How do essential features differ from additional features?
Essential features are elements of the clinical picture indispensable for the diagnosis – without their presence a diagnosis usually cannot be made. Additional features often accompany a disorder and support the diagnosis or describe its severity, but they are not a necessary condition, and their absence does not rule out the diagnosis.
Can I diagnose myself on the basis of the ICD-11 criteria?
No. The ICD-11 criteria are a description intended for trained clinicians who relate them to the full clinical picture, assess the context and exclude other causes. Matching oneself to the criteria on one's own easily leads to mistaken conclusions. A diagnosis should be made by a psychiatrist or a clinical psychologist.
Why do the criteria refer to the duration of symptoms?
Many disorders differ from transient states not in the type of symptoms but in how long they persist. Time thresholds help to separate a disorder from a short-lived, natural reaction. For example, generalised anxiety disorder requires anxiety to persist for many months, and symptoms present for a few days are usually not enough for a diagnosis.
How can a disorder be distinguished from a normal reaction to a difficult situation?

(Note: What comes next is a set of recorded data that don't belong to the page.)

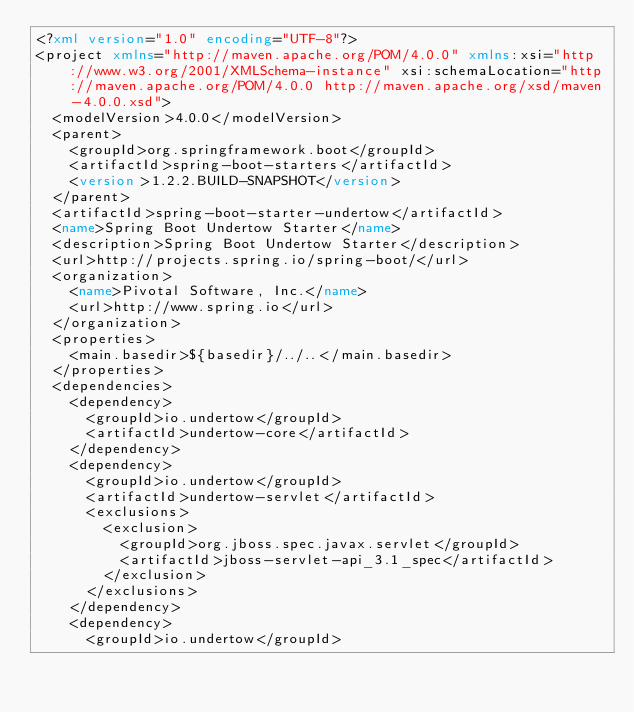<code> <loc_0><loc_0><loc_500><loc_500><_XML_><?xml version="1.0" encoding="UTF-8"?>
<project xmlns="http://maven.apache.org/POM/4.0.0" xmlns:xsi="http://www.w3.org/2001/XMLSchema-instance" xsi:schemaLocation="http://maven.apache.org/POM/4.0.0 http://maven.apache.org/xsd/maven-4.0.0.xsd">
	<modelVersion>4.0.0</modelVersion>
	<parent>
		<groupId>org.springframework.boot</groupId>
		<artifactId>spring-boot-starters</artifactId>
		<version>1.2.2.BUILD-SNAPSHOT</version>
	</parent>
	<artifactId>spring-boot-starter-undertow</artifactId>
	<name>Spring Boot Undertow Starter</name>
	<description>Spring Boot Undertow Starter</description>
	<url>http://projects.spring.io/spring-boot/</url>
	<organization>
		<name>Pivotal Software, Inc.</name>
		<url>http://www.spring.io</url>
	</organization>
	<properties>
		<main.basedir>${basedir}/../..</main.basedir>
	</properties>
	<dependencies>
		<dependency>
			<groupId>io.undertow</groupId>
			<artifactId>undertow-core</artifactId>
		</dependency>
		<dependency>
			<groupId>io.undertow</groupId>
			<artifactId>undertow-servlet</artifactId>
			<exclusions>
				<exclusion>
					<groupId>org.jboss.spec.javax.servlet</groupId>
					<artifactId>jboss-servlet-api_3.1_spec</artifactId>
				</exclusion>
			</exclusions>
		</dependency>
		<dependency>
			<groupId>io.undertow</groupId></code>

Sadness, anxiety, grief or tension are natural reactions and do not indicate a disorder. We speak of a disorder only when the reaction is clearly disproportionate to the situation, persists longer than could be expected, and causes significant distress or a deterioration of functioning. These three dimensions mark out the boundary between a disorder and normality.
Does meeting the criteria mean that someone definitely has a disorder?
No. Meeting the criteria is an important element, but not the whole diagnosis. The clinician must still carry out a differential diagnosis, assess the life and cultural context, and exclude physical causes and the effect of substances. Only the whole of this assessment allows a diagnosis to be regarded as justified.
Why is a differential diagnosis needed?
Many mental symptoms, such as a depressed mood or anxiety, occur in various disorders. A differential diagnosis is the process of comparing possible explanations and choosing the one that best fits the whole clinical picture. Without this step it is easy to assign symptoms to the wrong entity and make an incorrect diagnosis.